Early in his career Jonathan met the work of the Camphill movement, and the profound effect of his meetings with both co-workers and villagers is movingly invoked in the book. In 1968 his film In Need of Special Care won a British Film Academy Award. This was followed over the years by other films about Camphill and also about Waldorf education. It is exciting news that he is now preparing to film The Challenge of Rudolf Steiner. His experience documenting other great world leaders and his lifelong work with anthroposophy make him singularly qualified to direct this film, and we can await it with great anticipation.

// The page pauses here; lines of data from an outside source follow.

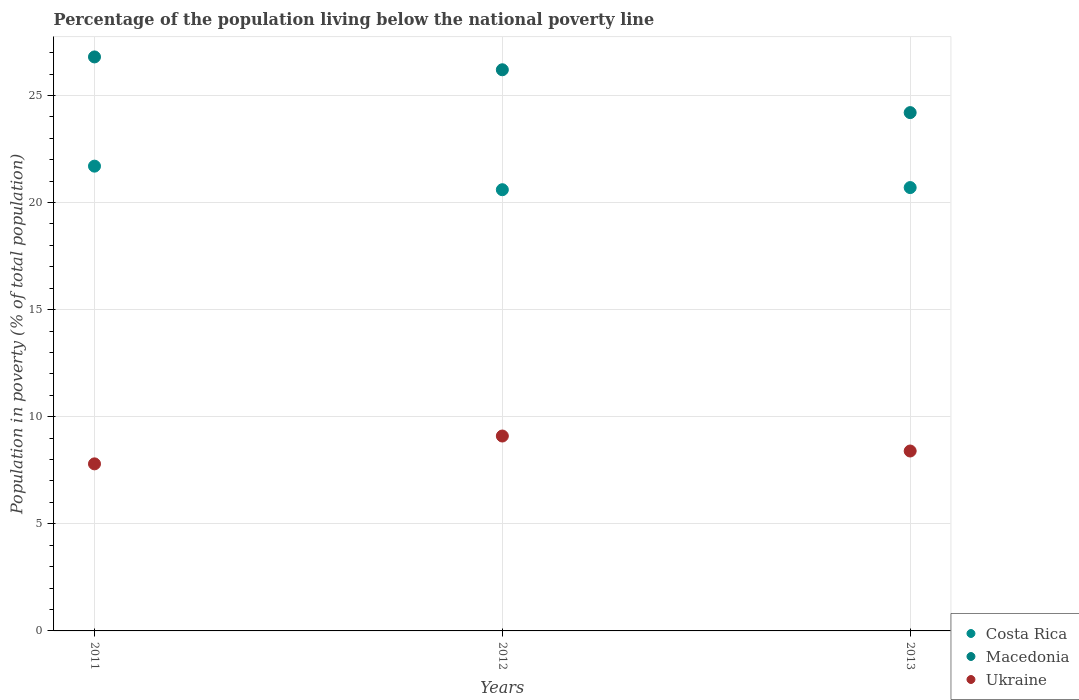How many different coloured dotlines are there?
Offer a terse response. 3. What is the percentage of the population living below the national poverty line in Costa Rica in 2011?
Make the answer very short. 21.7. Across all years, what is the minimum percentage of the population living below the national poverty line in Macedonia?
Give a very brief answer. 24.2. In which year was the percentage of the population living below the national poverty line in Macedonia maximum?
Make the answer very short. 2011. In which year was the percentage of the population living below the national poverty line in Macedonia minimum?
Keep it short and to the point. 2013. What is the total percentage of the population living below the national poverty line in Macedonia in the graph?
Give a very brief answer. 77.2. What is the difference between the percentage of the population living below the national poverty line in Ukraine in 2011 and that in 2012?
Make the answer very short. -1.3. What is the difference between the percentage of the population living below the national poverty line in Macedonia in 2013 and the percentage of the population living below the national poverty line in Ukraine in 2012?
Provide a succinct answer. 15.1. What is the average percentage of the population living below the national poverty line in Macedonia per year?
Your answer should be very brief. 25.73. In the year 2012, what is the difference between the percentage of the population living below the national poverty line in Macedonia and percentage of the population living below the national poverty line in Ukraine?
Offer a terse response. 17.1. What is the ratio of the percentage of the population living below the national poverty line in Ukraine in 2011 to that in 2013?
Your answer should be compact. 0.93. Is the difference between the percentage of the population living below the national poverty line in Macedonia in 2012 and 2013 greater than the difference between the percentage of the population living below the national poverty line in Ukraine in 2012 and 2013?
Make the answer very short. Yes. What is the difference between the highest and the second highest percentage of the population living below the national poverty line in Macedonia?
Give a very brief answer. 0.6. What is the difference between the highest and the lowest percentage of the population living below the national poverty line in Ukraine?
Keep it short and to the point. 1.3. In how many years, is the percentage of the population living below the national poverty line in Macedonia greater than the average percentage of the population living below the national poverty line in Macedonia taken over all years?
Your response must be concise. 2. Is the sum of the percentage of the population living below the national poverty line in Macedonia in 2011 and 2013 greater than the maximum percentage of the population living below the national poverty line in Costa Rica across all years?
Provide a succinct answer. Yes. Does the percentage of the population living below the national poverty line in Ukraine monotonically increase over the years?
Provide a succinct answer. No. Is the percentage of the population living below the national poverty line in Ukraine strictly greater than the percentage of the population living below the national poverty line in Macedonia over the years?
Your answer should be compact. No. How many dotlines are there?
Provide a succinct answer. 3. Does the graph contain grids?
Offer a very short reply. Yes. Where does the legend appear in the graph?
Ensure brevity in your answer.  Bottom right. How are the legend labels stacked?
Ensure brevity in your answer.  Vertical. What is the title of the graph?
Your answer should be very brief. Percentage of the population living below the national poverty line. Does "Oman" appear as one of the legend labels in the graph?
Make the answer very short. No. What is the label or title of the Y-axis?
Give a very brief answer. Population in poverty (% of total population). What is the Population in poverty (% of total population) of Costa Rica in 2011?
Offer a very short reply. 21.7. What is the Population in poverty (% of total population) of Macedonia in 2011?
Make the answer very short. 26.8. What is the Population in poverty (% of total population) in Costa Rica in 2012?
Your answer should be very brief. 20.6. What is the Population in poverty (% of total population) of Macedonia in 2012?
Your answer should be compact. 26.2. What is the Population in poverty (% of total population) of Costa Rica in 2013?
Keep it short and to the point. 20.7. What is the Population in poverty (% of total population) in Macedonia in 2013?
Provide a succinct answer. 24.2. What is the Population in poverty (% of total population) in Ukraine in 2013?
Provide a succinct answer. 8.4. Across all years, what is the maximum Population in poverty (% of total population) of Costa Rica?
Offer a very short reply. 21.7. Across all years, what is the maximum Population in poverty (% of total population) in Macedonia?
Your answer should be very brief. 26.8. Across all years, what is the minimum Population in poverty (% of total population) of Costa Rica?
Your answer should be compact. 20.6. Across all years, what is the minimum Population in poverty (% of total population) of Macedonia?
Provide a succinct answer. 24.2. Across all years, what is the minimum Population in poverty (% of total population) of Ukraine?
Ensure brevity in your answer.  7.8. What is the total Population in poverty (% of total population) of Costa Rica in the graph?
Provide a short and direct response. 63. What is the total Population in poverty (% of total population) in Macedonia in the graph?
Make the answer very short. 77.2. What is the total Population in poverty (% of total population) in Ukraine in the graph?
Make the answer very short. 25.3. What is the difference between the Population in poverty (% of total population) of Costa Rica in 2011 and that in 2012?
Give a very brief answer. 1.1. What is the difference between the Population in poverty (% of total population) in Macedonia in 2011 and that in 2012?
Provide a succinct answer. 0.6. What is the difference between the Population in poverty (% of total population) of Ukraine in 2011 and that in 2012?
Keep it short and to the point. -1.3. What is the difference between the Population in poverty (% of total population) in Ukraine in 2011 and that in 2013?
Offer a very short reply. -0.6. What is the difference between the Population in poverty (% of total population) of Costa Rica in 2011 and the Population in poverty (% of total population) of Ukraine in 2013?
Ensure brevity in your answer.  13.3. What is the difference between the Population in poverty (% of total population) of Macedonia in 2011 and the Population in poverty (% of total population) of Ukraine in 2013?
Keep it short and to the point. 18.4. What is the difference between the Population in poverty (% of total population) of Costa Rica in 2012 and the Population in poverty (% of total population) of Macedonia in 2013?
Your response must be concise. -3.6. What is the difference between the Population in poverty (% of total population) in Costa Rica in 2012 and the Population in poverty (% of total population) in Ukraine in 2013?
Make the answer very short. 12.2. What is the difference between the Population in poverty (% of total population) in Macedonia in 2012 and the Population in poverty (% of total population) in Ukraine in 2013?
Offer a very short reply. 17.8. What is the average Population in poverty (% of total population) of Macedonia per year?
Ensure brevity in your answer.  25.73. What is the average Population in poverty (% of total population) of Ukraine per year?
Ensure brevity in your answer.  8.43. In the year 2012, what is the difference between the Population in poverty (% of total population) of Costa Rica and Population in poverty (% of total population) of Macedonia?
Offer a very short reply. -5.6. In the year 2012, what is the difference between the Population in poverty (% of total population) in Costa Rica and Population in poverty (% of total population) in Ukraine?
Provide a succinct answer. 11.5. In the year 2012, what is the difference between the Population in poverty (% of total population) in Macedonia and Population in poverty (% of total population) in Ukraine?
Your answer should be very brief. 17.1. In the year 2013, what is the difference between the Population in poverty (% of total population) of Costa Rica and Population in poverty (% of total population) of Macedonia?
Your answer should be compact. -3.5. In the year 2013, what is the difference between the Population in poverty (% of total population) of Costa Rica and Population in poverty (% of total population) of Ukraine?
Your response must be concise. 12.3. In the year 2013, what is the difference between the Population in poverty (% of total population) of Macedonia and Population in poverty (% of total population) of Ukraine?
Make the answer very short. 15.8. What is the ratio of the Population in poverty (% of total population) of Costa Rica in 2011 to that in 2012?
Your response must be concise. 1.05. What is the ratio of the Population in poverty (% of total population) of Macedonia in 2011 to that in 2012?
Offer a very short reply. 1.02. What is the ratio of the Population in poverty (% of total population) in Costa Rica in 2011 to that in 2013?
Offer a very short reply. 1.05. What is the ratio of the Population in poverty (% of total population) in Macedonia in 2011 to that in 2013?
Your answer should be compact. 1.11. What is the ratio of the Population in poverty (% of total population) in Ukraine in 2011 to that in 2013?
Make the answer very short. 0.93. What is the ratio of the Population in poverty (% of total population) of Costa Rica in 2012 to that in 2013?
Ensure brevity in your answer.  1. What is the ratio of the Population in poverty (% of total population) of Macedonia in 2012 to that in 2013?
Your response must be concise. 1.08. What is the difference between the highest and the second highest Population in poverty (% of total population) in Macedonia?
Ensure brevity in your answer.  0.6. What is the difference between the highest and the lowest Population in poverty (% of total population) of Costa Rica?
Offer a very short reply. 1.1. What is the difference between the highest and the lowest Population in poverty (% of total population) in Ukraine?
Make the answer very short. 1.3.

As a closing to this review, I would like to mention that my husband and I read Where on Earth is Heaven? aloud, over the course of many weeks. We looked forward to this part of our evening when we would open that big book and enter into this story of our times. Inevitably our reading would spark rich conversations and reflections about our own lives. If you like to read with others—one or a group—this book is a great choice. It seems somehow appropriate to share it with others, because in a way the book itself is a testament to the importance of relationships and to the enduring reality of what lives between people, even beyond death. It is all about making connections—with others, with ideas, with history and the times we live in, with nature, and with the spirit. Finally, whether one reads it with others or alone, this is a book that will nourish and inspire.

Signe Schaefer was for many years Director of Foundation Studies at Sunbridge College. She founded and continues to direct a part-time program in Biography and Social Art. She has had a life-long interest in questions of human development.